Ce qu'il faut surveiller ensuite
La plateforme de la semaine 28 de 2026 doit suivre quatre développements à court terme. Premièrement, le rapport hebdomadaire séparé de l'ECDC sur la surveillance du virus du Nil occidental, mis à jour chaque vendredi pendant la saison de transmission, et le rapport sur les menaces de maladies transmissibles de la semaine 29 attendu autour du 17 juillet, montreront si la plateforme à cinq pays et onze zones s'élargit encore et si les comptes de cas par région augmentent dans les zones italienne, macédonienne, roumaine, grecque et espagnole. Deuxièmement, la section hebdomadaire de l'ECDC sur la FHCC indiquera si le cas isolé de Salamanque reste isolé ou s'étend. Troisièmement, le bulletin 2026 de l'EpiCentro Istituto Superiore di Sanità sur le Nil occidental et Usutu, historiquement attendu autour de la mi-juillet et encore à son édition finale de saison 2025, enregistrera directement la saison italienne et testera si le rapport rattrape les désormais cinq zones touchées du pays. Quatrièmement, le cadrage éditorial de protection du consommateur doit appareiller chaque mise à jour de surveillance avec des conseils pratiques construits exactement sur les mesures recommandées par les autorités, à savoir répulsif enregistré par l'EPA, moustiquaires de fenêtres et de portes, et prudence du crépuscule à l'aube, pour les ménages, les voyageurs et les travailleurs en extérieur dans les zones de transmission Culex du sud et du sud-est de l'Europe.

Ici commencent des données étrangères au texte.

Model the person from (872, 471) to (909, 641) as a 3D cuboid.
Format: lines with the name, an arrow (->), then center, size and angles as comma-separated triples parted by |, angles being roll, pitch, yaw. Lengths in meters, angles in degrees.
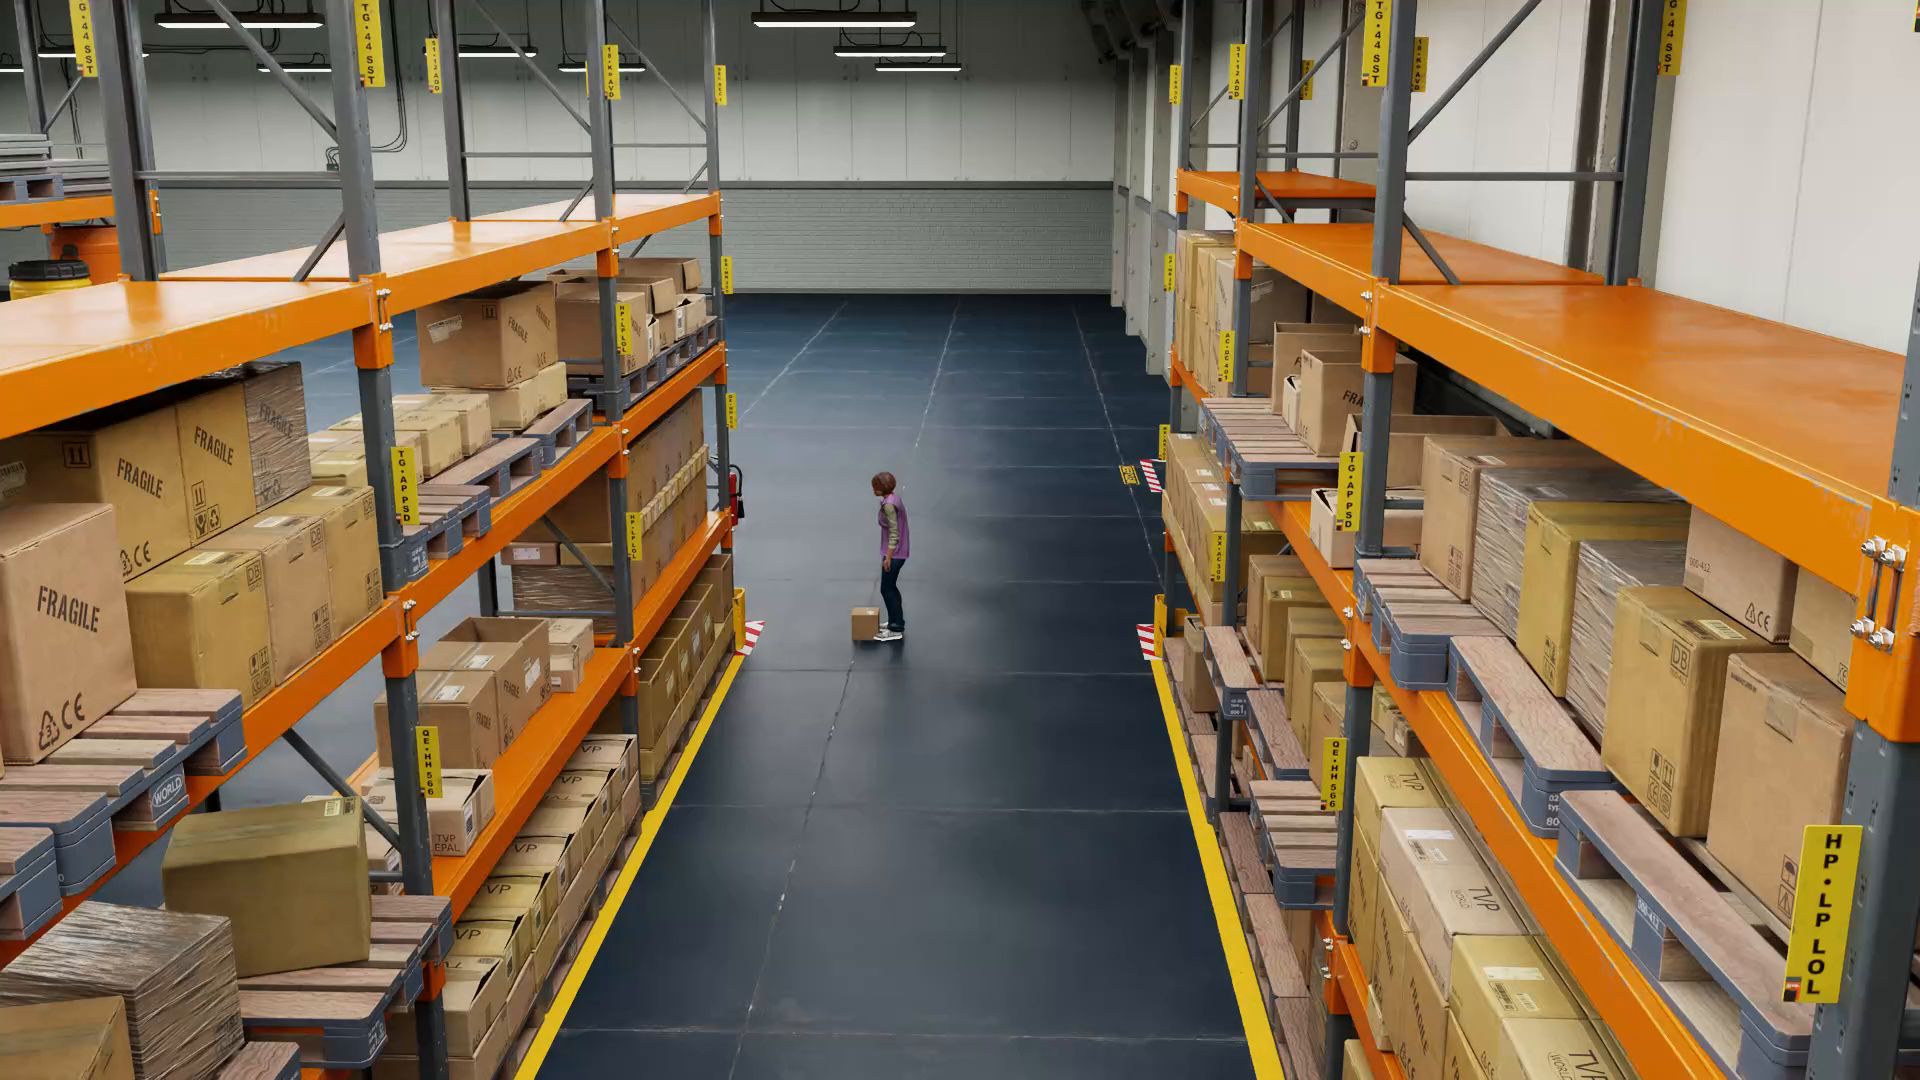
person -> -0.643, 0.144, 15.479 | 0.342, 1.582, 0.485 | 0, 14, -2

La couche de protection du consommateur pour la saison 2026 du virus du Nil occidental est le complément in-season du signal de surveillance rapporté par l'ECDC. L'expansion à cinq pays et onze zones explique pourquoi l'activité vectorielle et la circulation virale s'élargissent sous les conditions chaudes de mi-juillet ; le cas italien neuro-invasif fatal de lignage 2 explique pourquoi l'extrémité sévère du spectre de la maladie mérite d'être respectée ; et la couche de protection du consommateur opère à l'interface homme-vecteur, à la moustiquaire de fenêtre, à l'application de répulsif et au cadencement du crépuscule à l'aube, indépendamment du fait qu'aucun vaccin ni antiviral contre le Nil occidental n'est disponible pour cet agent pathogène. Les deux sont complémentaires plutôt que substituables. Le message durable est que la barrière physique est la couche disponible maintenant, pour tout le monde, sans plafond d'approvisionnement et sans cohorte exclue, et c'est le cadrage de protection du consommateur qui s'apparie à l'élargissement du tableau de surveillance européen sans le supplanter, à mesure que la saison 2026 du Nil occidental portée par Culex se rapproche de son pic historique de fin d'été à travers une carte désormais élargie.